6.7 Notice of Record Date. In the event:
6.7.1that the Corporation takes a record of the
holders of' any class of securities for the purpose of determining the holders
thereof who are entitled to receive any dividend (other than a cash dividend) or
any other distribution, any right to subscribe for, purchase or otherwise
acquire any shares of stock of any class or any other securities or property, or
to receive any other right;
6.7.2 that the Corporation subdivides or combines
its outstanding shares of Common Stock;
6.7.3 of any reclassification of the Common
Stock of the Corporation (other than a subdivision or combination of its
outstanding shares of Common Stock or a stock dividend or stock distribution
thereon), or of any consolidation or merger of the Corporation into or with
another corporation, or of the sale of all or substantially all of the assets of
the Corporation; or
6.7.4 of the involuntary or voluntary dissolution,
liquidation or winding up of the Corporation; then the Corporation shall cause
to be filed at its principal office or at the office of the transfer agent of
the Series B Preferred Stock, and shall cause to be mailed to the holders of the
Series B Preferred Stock at their last addresses as shown on the records of the
Corporation or such transfer agent, at least ten (10) days prior to the record
date specified in (A) below or twenty (20) days before the date specified in (B)
below, a notice stating:
(A) the record date of such dividend,
distribution, subdivision or combination, or, if a record is not to be taken,
the date as of which the holders of Common Stock of record to be entitled to
such dividend, distribution, subdivision or combination are to be determined, or
(B) the date on which such reclassification,
consolidation, merger, Sale, dissolution, liquidation or winding up is expected
to become effective, and the date as of which it is expected that holders of
Common Stock of record shall be entitled to exchange their shares of Common
Stock for securities or other property deliverable upon such reclassification,
consolidation, merger, sale, dissolution or winding up.
7. Automatic Conversion.
7.1 Triggering Event.
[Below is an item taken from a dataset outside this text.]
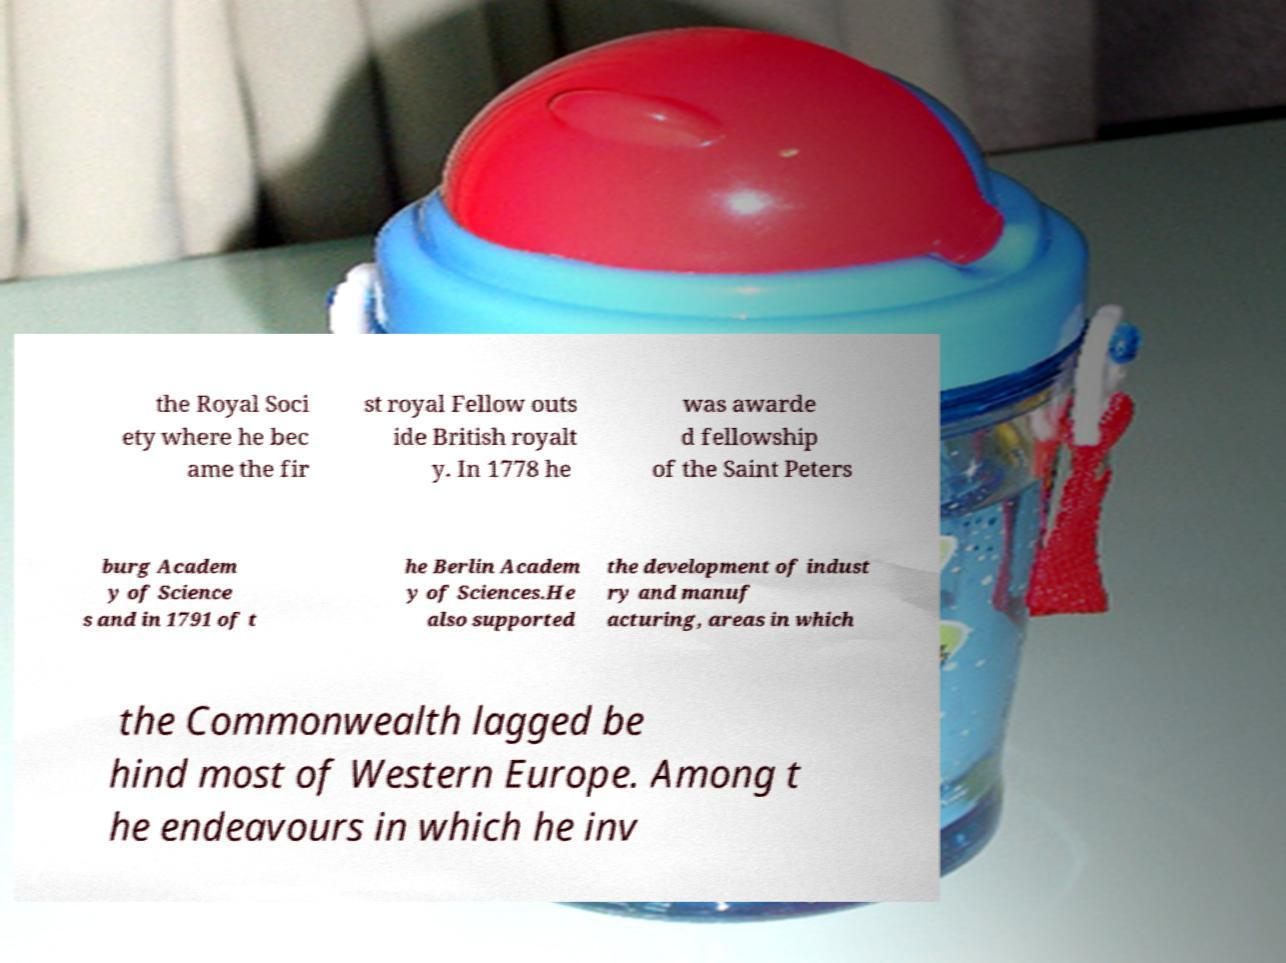Can you accurately transcribe the text from the provided image for me? the Royal Soci ety where he bec ame the fir st royal Fellow outs ide British royalt y. In 1778 he was awarde d fellowship of the Saint Peters burg Academ y of Science s and in 1791 of t he Berlin Academ y of Sciences.He also supported the development of indust ry and manuf acturing, areas in which the Commonwealth lagged be hind most of Western Europe. Among t he endeavours in which he inv

All outstanding shares of Series B
Preferred Stock shall automatically convert to shares of Common Stock, at the
then effective Conversion Price pursuant to Section 6, on the date that is five
(5) business days following the last to occur of the following events: (i) the
holding of a stockholders meeting authorizing and approving the amendment of the
Corporation's Certificate of Incorporation to increase the Corporation's
authorized Common Stock to 50 million shares; and a change in the name of the
Corporation to YTB International, Inc., and (ii) the filing of a Certificate of
Amendment reflecting the changes referenced in clause (i).
7.2 No Further Action. In the case of an automatic conversion
pursuant to this Section 7, the outstanding shares of Series B Preferred Stock
shall be converted automatically without any further action by the holders of
such shares and whether or not the certificates representing such shares are
surrendered to the Corporation or its transfer agent.
7.3 Surrender of Certificates; Retirement and Cancellation of
Converted Shares. All certificates evidencing shares of Series B Preferred Stock
that are required to be surrendered for conversion in accordance with the
provisions hereof shall, from and after the date such certificates are so
required to be surrendered, be deemed to have been retired and canceled and the
shares of Series B Preferred Stock represented thereby converted into Common
Stock for all purposes, notwithstanding the failure of the holder or holders
thereof to surrender such certificates on or prior to such date. The Corporation
may thereafter take such appropriate action as may be necessary to reduce the
authorized Series B Preferred Stock accordingly.